# Sagehens RC



## Judy Myers (Feb 15, 2009)

The Open and Amateur setups were exactly the same - long retired bird in the middle thrown first left to right, shorter retired on the right thrown second right to left, and flyer on the left down last and shot right to left. However, the Open was longer and tighter although the Amateur had more terrain factors to affect the lines to the marks. 

The Open long mark was thrown behind a big piece of running water at the base of a dike and the right hand mark was thrown from near the top of a dike down on the flat below. Some dogs backsided the right hand gunners, got on top of the dike, and then worked their way down. The long mark saw dogs backsiding the holding blind and curving around to hunt the mark or squaring the water and curving back around. Some dogs took the high road and got on top of the dike to run around to the mark at the base of the dike near the water. Around 2:30 it darkened, turned cold, and started raining. Toward the end of the day, the lighting was poor, and I was told that some dogs had problems because they could not see the long bird.

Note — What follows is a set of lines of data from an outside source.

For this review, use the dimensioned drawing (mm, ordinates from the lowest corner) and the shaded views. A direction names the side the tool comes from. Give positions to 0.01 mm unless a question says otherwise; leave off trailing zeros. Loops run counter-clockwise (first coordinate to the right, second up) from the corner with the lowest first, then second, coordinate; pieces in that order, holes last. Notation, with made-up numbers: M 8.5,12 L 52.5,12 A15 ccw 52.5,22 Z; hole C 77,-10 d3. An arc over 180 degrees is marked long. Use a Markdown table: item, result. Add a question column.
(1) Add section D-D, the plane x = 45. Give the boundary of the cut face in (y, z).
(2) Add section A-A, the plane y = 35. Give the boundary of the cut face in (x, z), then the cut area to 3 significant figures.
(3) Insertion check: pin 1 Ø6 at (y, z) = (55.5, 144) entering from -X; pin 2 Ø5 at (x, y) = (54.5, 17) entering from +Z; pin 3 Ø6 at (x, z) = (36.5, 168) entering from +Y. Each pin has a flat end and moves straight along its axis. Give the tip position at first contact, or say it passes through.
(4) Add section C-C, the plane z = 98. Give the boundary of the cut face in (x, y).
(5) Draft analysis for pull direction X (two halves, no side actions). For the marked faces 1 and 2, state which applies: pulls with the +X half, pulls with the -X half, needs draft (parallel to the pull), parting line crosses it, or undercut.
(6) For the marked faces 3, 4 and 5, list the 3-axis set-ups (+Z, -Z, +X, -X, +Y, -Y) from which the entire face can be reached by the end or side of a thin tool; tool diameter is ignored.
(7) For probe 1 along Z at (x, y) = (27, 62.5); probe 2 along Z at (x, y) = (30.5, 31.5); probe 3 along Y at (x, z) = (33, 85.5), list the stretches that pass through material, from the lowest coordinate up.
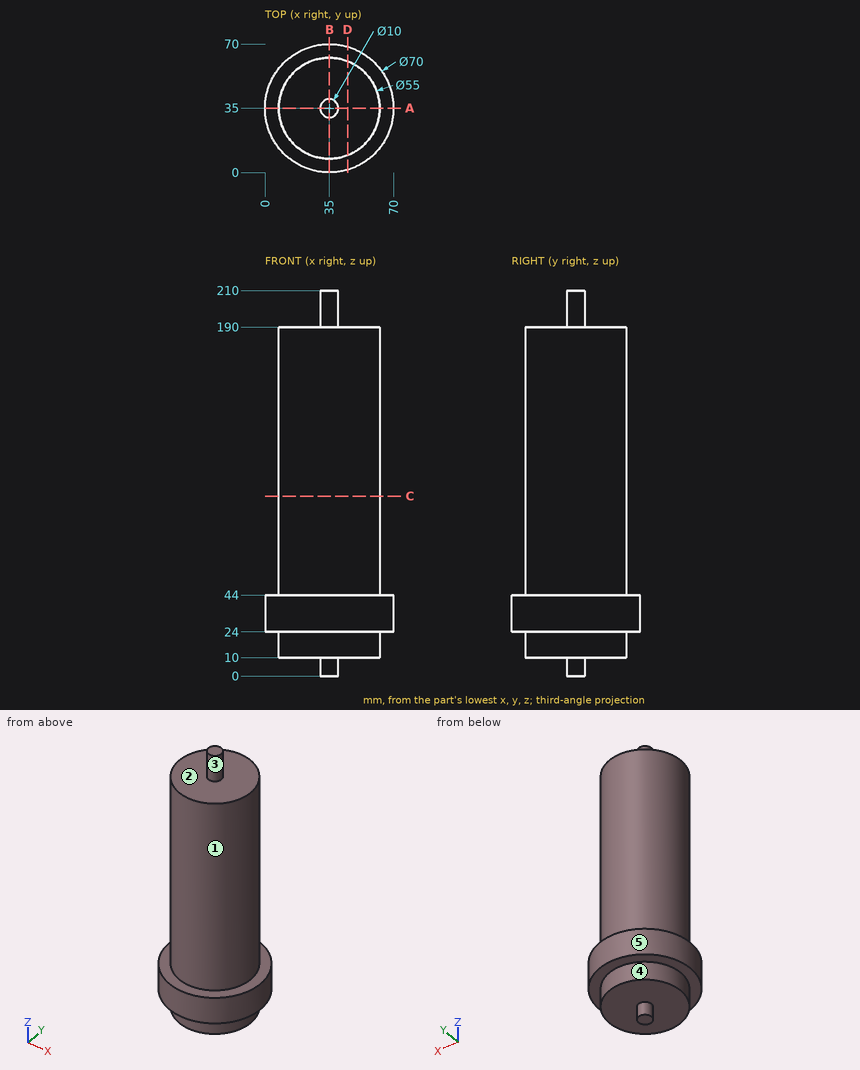
Established:
| question | item | result |
|---|---|---|
| 1 | outline | M 1.46,24 L 9.38,24 L 9.38,10 L 60.62,10 L 60.62,24 L 68.54,24 L 68.54,44 L 60.62,44 L 60.62,190 L 9.38,190 L 9.38,44 L 1.46,44 Z |
| 2 | outline | M 0,24 L 7.5,24 L 7.5,10 L 30,10 L 30,0 L 40,0 L 40,10 L 62.5,10 L 62.5,24 L 70,24 L 70,44 L 62.5,44 L 62.5,190 L 40,190 L 40,210 L 30,210 L 30,190 L 7.5,190 L 7.5,44 L 0,44 Z |
| 2 | area | 10,500 mm^2 |
| 3 | pin 1 | x = 13.79 |
| 3 | pin 2 | z = 190 |
| 3 | pin 3 | y = 62.5 |
| 4 | outline | C 35,35 d55 |
| 5 | face 1 | parting line crosses it |
| 5 | face 2 | needs draft |
| 6 | face 3 | +Z |
| 6 | face 4 | -Z |
| 6 | face 5 | +Z, -Z |
| 7 | probe 1 | 24 to 44 |
| 7 | probe 2 | 10 to 190 |
| 7 | probe 3 | 7.57 to 62.43 |

The Amateur was run from a dike and the dogs had to crash through or leap "hedges" of nettles for all of the marks. Dogs that dropped off the dike rather than holding the line to the flyer along the side ended up running toward the flyer gunners rather than the mark. The right mark had stands of cover and a big puddle of water to negotiate. The long mark had a row of tall, thick cover blocking the line to the mark. Some dogs dodged the cover which threw them onto a line to the holding blind or behind the gunners. Most dogs ran around but were able to recover and wend their way out to the mark with some hunting at the end. A few crashed through the cover and took the perfect line to the mark. Very few dogs that I saw had really good lines and marks. Most had to hunt to find the birds.

Callbacks to the Amateur 2nd series (38 dogs):

2,3,4,5,7,8,9,10,11,12,13,14,15,16,17,18,20,21,22,23,24,25,26,27,28,31,32,33,34,36,37,39,40,41,42,43,44,46

Sorry, I don't have the Open callbacks. The Open didn't finish until 5:30. It was dark, cold, and raining. I waited until after 6:00 for callbacks but none seemed imminent so I left.

The Qual only partially finished the water blind today and will resume in the morning. Sorry I don't have callbacks for the earlier series.


----------



## jgrammer (Jun 23, 2008)

Thanks, Judy, for the wonderful report. Go 27!


----------



## Judy Myers (Feb 15, 2009)

Thanks, Jean. He actually did better in the Open than he did in the Amateur. Still waiting to know for sure, though.


----------



## KPL (Oct 13, 2008)

Thanks for the report, Judy - been hoping to hear. Best of luck to you and the other handlers! 

I can help a bit with the Qual., as I have a friend who's running. Callbacks to the water blind are 3, 4, 6, 7, 8, 10, 11, 12, 13, 14, 18, 19, 21, 22, 23, 24, 27, 28. Nine dogs in the Qual. are left to run in the morning.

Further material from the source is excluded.